数据集:

philschmid/flanv2

中文

Fork of SirNeural/flan_v2

just in case it gets deleted.

Dataset Card for Flan V2

Dataset Summary

This is a processed version of the Flan V2 dataset.

I'm not affiliated with the creators, I'm just releasing the files in an easier-to-access format after processing.

The authors of the Flan Collection recommend experimenting with different mixing ratio's of tasks to get optimal results downstream.

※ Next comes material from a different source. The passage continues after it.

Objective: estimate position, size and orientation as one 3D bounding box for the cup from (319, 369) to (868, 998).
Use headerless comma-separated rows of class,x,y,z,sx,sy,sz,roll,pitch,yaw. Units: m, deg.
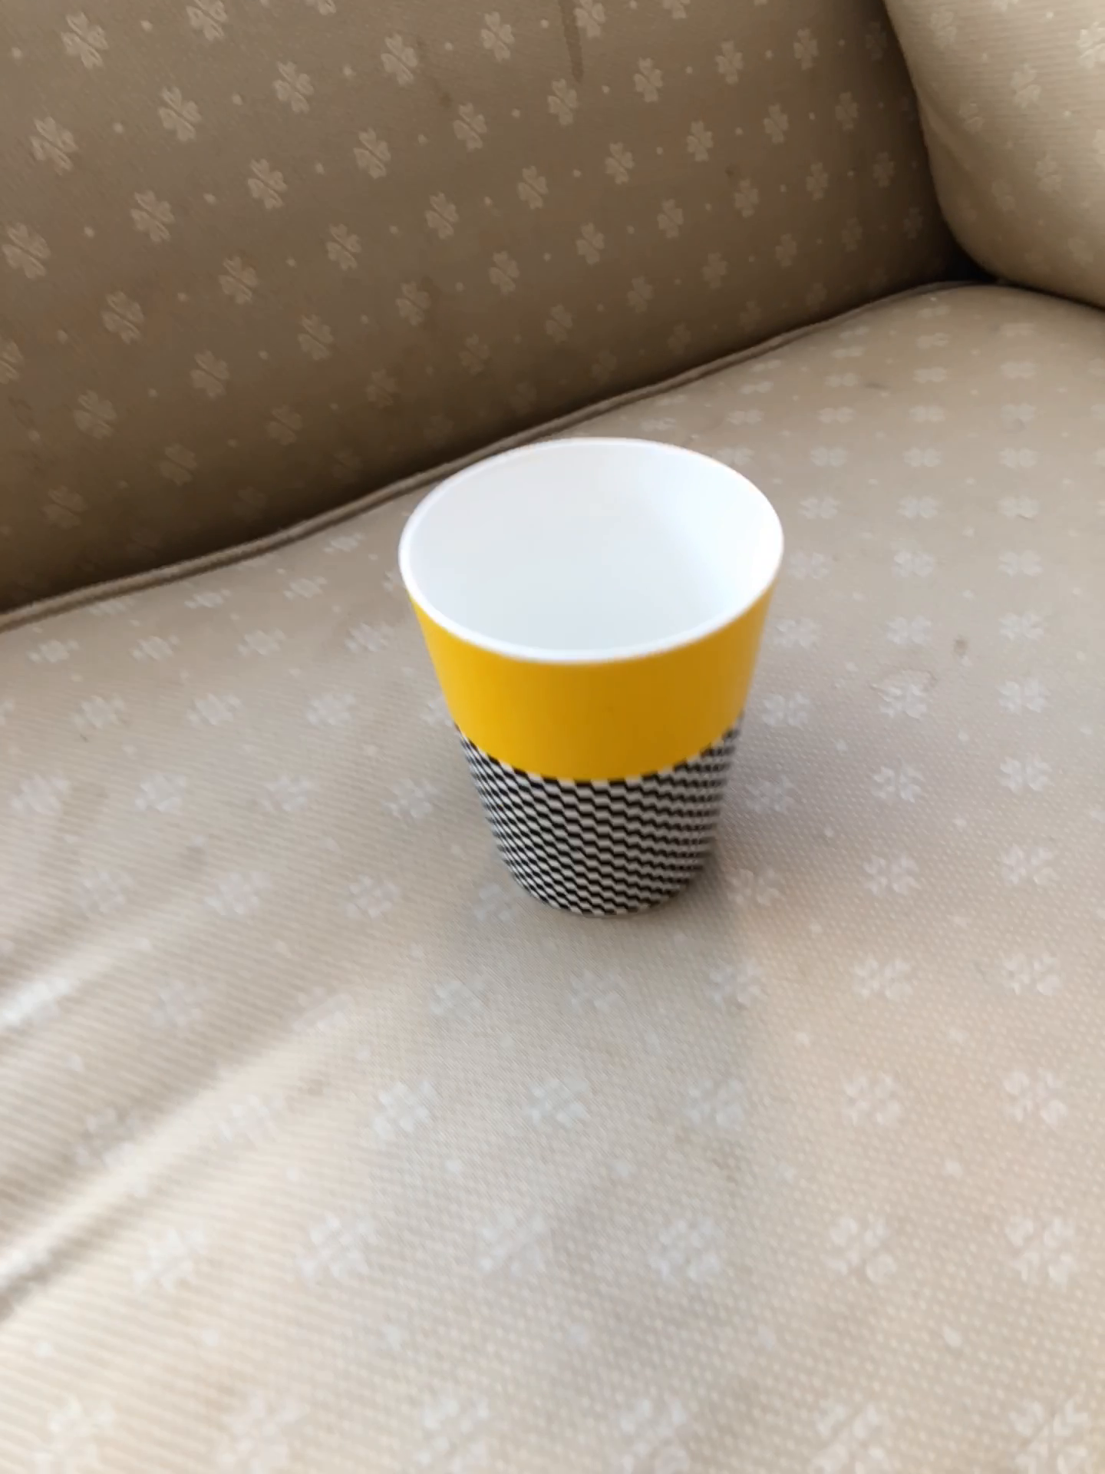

This current version I've processed is missing a few datasets compared to the main branch of the flan v2 repo:

  • cs-en WMT translation task requires manual download and I wasn't able to get the credentials
  • q_re_cc dataset preprocessing for the dialog task wasn't working
  • These are minor hits to the total size of the collection (orders of MB compared to GB) but once those are fixed I will upload a complete version.

Dataset Structure

Data Instances

Flan 2021 (flan), P3 (t0), Super-Natural Instructions (niv2), Chain-of-thought (cot), and Dialog (dialog)

Data Fields

Instruction data comes in a few formats:

  • Few Shot (fs)
  • Zero Shot (zs)
  • Options Provided in context (i.e. multiple choice pick one) (opt)
  • No Options Provided (noopt)

Each combination of the above tasks + formats are saved as a JSONL with following schema {"input": ..., "target": ..., "task": ...}

Data Splits

Everything is saved as a train split